Have you actually measured the control stat response?


No and I'm not sure how I would?

They do get lazy and settings drift.


In case it's relevant, Mum used to run the boiler at position 4 (out
of 10) and that gave her the right temperature hot water and
background central heating. After the most recent plumbing changes we
found that it seemed to 'hang in there' better when set on 1. So, if
you turn the boiler on from cold, the main burner flame comes up
pretty well (but not in any way 'violent') runs nicely till the water
temp starts to pick up and fairly quickly (minutes) modulates down
slightly till it reaches the correct temperature (thermocouple in the
return) and then shuts down. The pump runs all the time the timer is
on (7-8, 5-6 or summat).

The overheat stat could be entirely innocent in this saga


Understood, but without being there watching (or logging?) the process
the two hours a day it's on, I'm not sure what I can do?

Something Andrew said re a pump overrun timer got me thinking (as it
doesn't have one). A while back Mum had the system on 24/7 which would
mean the pump would also be on 24/7. This would mean there was never a
chance of any overtemp down to lack of water flow.
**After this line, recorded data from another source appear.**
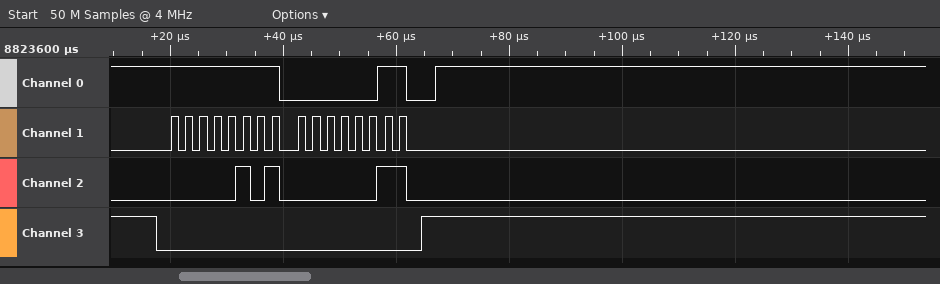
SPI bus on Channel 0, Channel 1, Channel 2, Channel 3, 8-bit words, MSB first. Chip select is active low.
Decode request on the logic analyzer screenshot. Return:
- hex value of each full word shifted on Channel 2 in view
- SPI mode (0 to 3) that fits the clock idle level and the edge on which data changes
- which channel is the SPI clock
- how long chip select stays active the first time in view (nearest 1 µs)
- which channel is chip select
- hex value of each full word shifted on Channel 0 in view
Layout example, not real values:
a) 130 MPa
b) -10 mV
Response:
a) 05, 03
b) 0
c) Channel 1
d) 47 µs
e) Channel 3
f) FF, 03
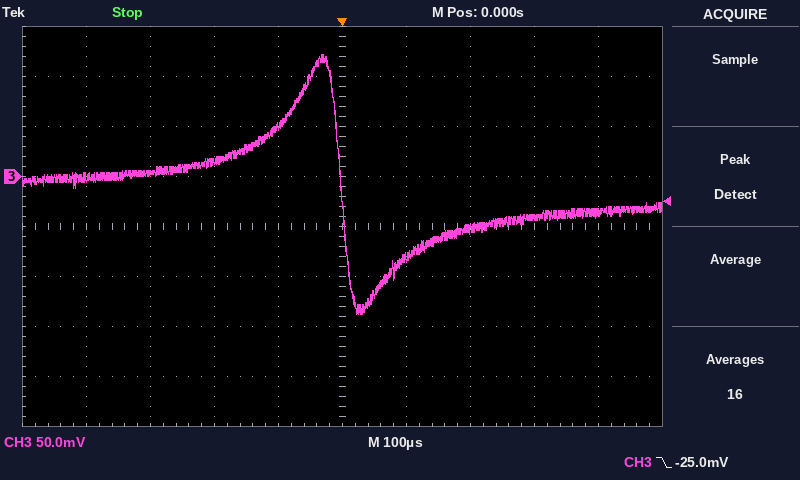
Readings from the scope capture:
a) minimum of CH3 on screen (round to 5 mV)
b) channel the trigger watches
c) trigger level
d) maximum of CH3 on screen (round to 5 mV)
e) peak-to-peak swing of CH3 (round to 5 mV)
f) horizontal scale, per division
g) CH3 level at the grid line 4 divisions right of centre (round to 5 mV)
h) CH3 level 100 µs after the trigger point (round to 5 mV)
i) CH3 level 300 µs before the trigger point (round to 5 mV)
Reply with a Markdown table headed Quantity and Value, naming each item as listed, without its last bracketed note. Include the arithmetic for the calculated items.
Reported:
| Quantity | Value |
|---|---|
| minimum of CH3 on screen | -140 mV |
| channel the trigger watches | CH3 |
| trigger level | -25.0 mV |
| maximum of CH3 on screen | 120 mV |
| peak-to-peak swing of CH3 | 120 mV − (-140 mV) = 260 mV |
| horizontal scale, per division | 100 µs |
| CH3 level at the grid line 4 divisions right of centre | -35 mV |
| CH3 level 100 µs after the trigger point | -80 mV |
| CH3 level 300 µs before the trigger point | 5 mV |
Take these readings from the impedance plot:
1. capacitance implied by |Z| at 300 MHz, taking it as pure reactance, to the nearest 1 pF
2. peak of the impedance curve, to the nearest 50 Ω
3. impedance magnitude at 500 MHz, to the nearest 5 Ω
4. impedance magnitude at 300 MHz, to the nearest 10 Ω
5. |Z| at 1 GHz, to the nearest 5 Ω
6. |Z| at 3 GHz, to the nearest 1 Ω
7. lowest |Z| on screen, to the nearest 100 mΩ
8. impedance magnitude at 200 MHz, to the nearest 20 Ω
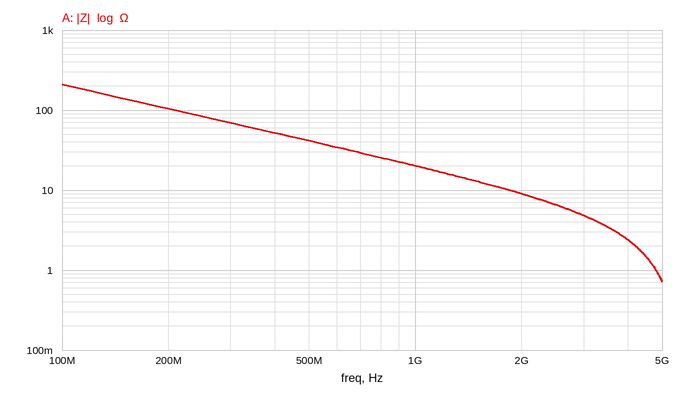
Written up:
8 pF
200 Ω
40 Ω
70 Ω
20 Ω
5 Ω
700 mΩ
100 Ω
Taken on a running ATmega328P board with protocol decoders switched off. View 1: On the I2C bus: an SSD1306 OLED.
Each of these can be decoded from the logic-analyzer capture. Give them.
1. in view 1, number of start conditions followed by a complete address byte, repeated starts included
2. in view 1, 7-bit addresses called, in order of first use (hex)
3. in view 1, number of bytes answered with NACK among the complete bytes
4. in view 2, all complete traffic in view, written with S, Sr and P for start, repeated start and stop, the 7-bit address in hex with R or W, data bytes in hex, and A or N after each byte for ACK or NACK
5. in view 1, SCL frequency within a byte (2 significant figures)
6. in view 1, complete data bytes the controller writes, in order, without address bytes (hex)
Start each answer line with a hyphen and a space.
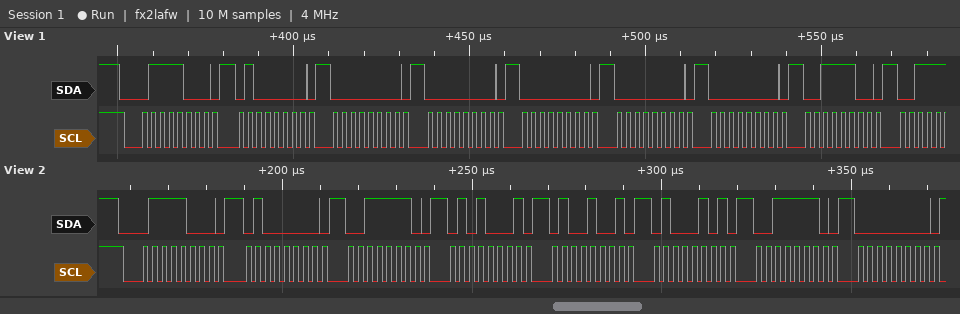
- 1
- 0x3C
- 0
- S 3CW A 40 A 3E A 51 A 49 A 45 A 3E A 00 A
- 400 kHz
- 40 00 00 00 00 00 3C
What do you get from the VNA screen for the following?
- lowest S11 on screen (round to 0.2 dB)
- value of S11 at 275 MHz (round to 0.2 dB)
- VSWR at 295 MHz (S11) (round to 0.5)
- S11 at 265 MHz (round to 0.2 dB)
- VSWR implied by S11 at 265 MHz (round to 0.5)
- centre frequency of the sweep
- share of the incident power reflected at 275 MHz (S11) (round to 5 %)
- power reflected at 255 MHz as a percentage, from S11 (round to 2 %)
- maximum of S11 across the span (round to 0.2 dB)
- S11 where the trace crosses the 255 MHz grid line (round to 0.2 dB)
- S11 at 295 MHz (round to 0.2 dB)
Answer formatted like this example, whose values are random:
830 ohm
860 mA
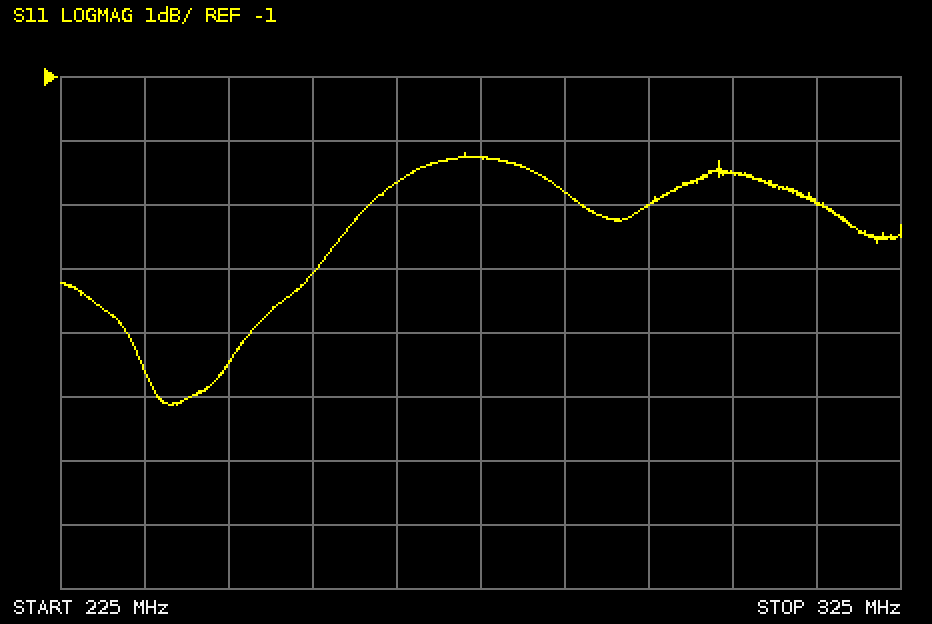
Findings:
-6.2 dB
-2.2 dB
6.0
-2.6 dB
6.5
275 MHz
60 %
40 %
-2.2 dB
-4.0 dB
-3.0 dB
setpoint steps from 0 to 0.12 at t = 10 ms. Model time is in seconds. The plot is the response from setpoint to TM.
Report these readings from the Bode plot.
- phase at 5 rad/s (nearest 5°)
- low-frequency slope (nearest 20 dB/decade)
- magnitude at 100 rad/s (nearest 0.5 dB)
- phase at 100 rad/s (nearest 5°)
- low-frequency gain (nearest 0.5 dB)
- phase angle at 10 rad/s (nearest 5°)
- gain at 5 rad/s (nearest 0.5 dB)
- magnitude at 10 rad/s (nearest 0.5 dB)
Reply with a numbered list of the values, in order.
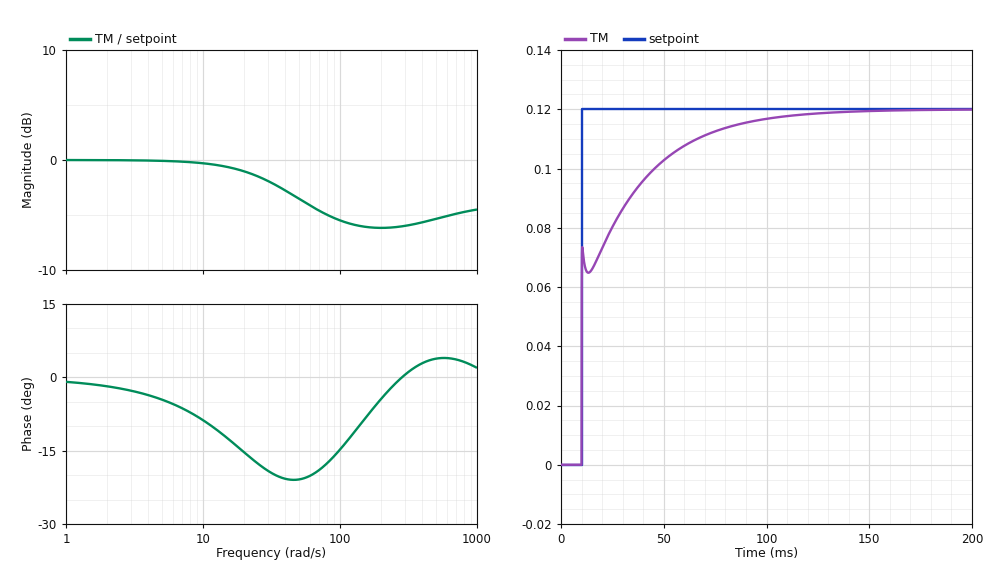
1. -5°
2. 0 dB/decade
3. -5.5 dB
4. -15°
5. 0.0 dB
6. -10°
7. 0.0 dB
8. -0.5 dB
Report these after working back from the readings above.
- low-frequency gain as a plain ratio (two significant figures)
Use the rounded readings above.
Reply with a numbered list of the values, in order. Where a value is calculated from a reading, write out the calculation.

1. 10^(0 / 20) = 1.0
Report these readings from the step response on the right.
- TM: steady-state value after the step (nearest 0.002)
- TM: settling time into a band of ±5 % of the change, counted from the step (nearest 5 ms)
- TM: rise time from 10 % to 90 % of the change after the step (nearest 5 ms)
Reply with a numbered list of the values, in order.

1. 0.120
2. 70 ms
3. 50 ms

When I went round there yesterday (to do other things) I noticed the
water wasn't hot and therefore the chances are the boiler overtemp
stat may have tripped again. If manually resetting it works and the
boiler runs ok again, I could temporarily re-wire the pump to be on
24/7 and leave just the boiler on the timer? If that works, can you
get 'stand alone' overrun timers? [1]

Cheers, T i m

[1] I think you could years ago, or I made one with a delay timer
relay on my Uncles very basic CH system.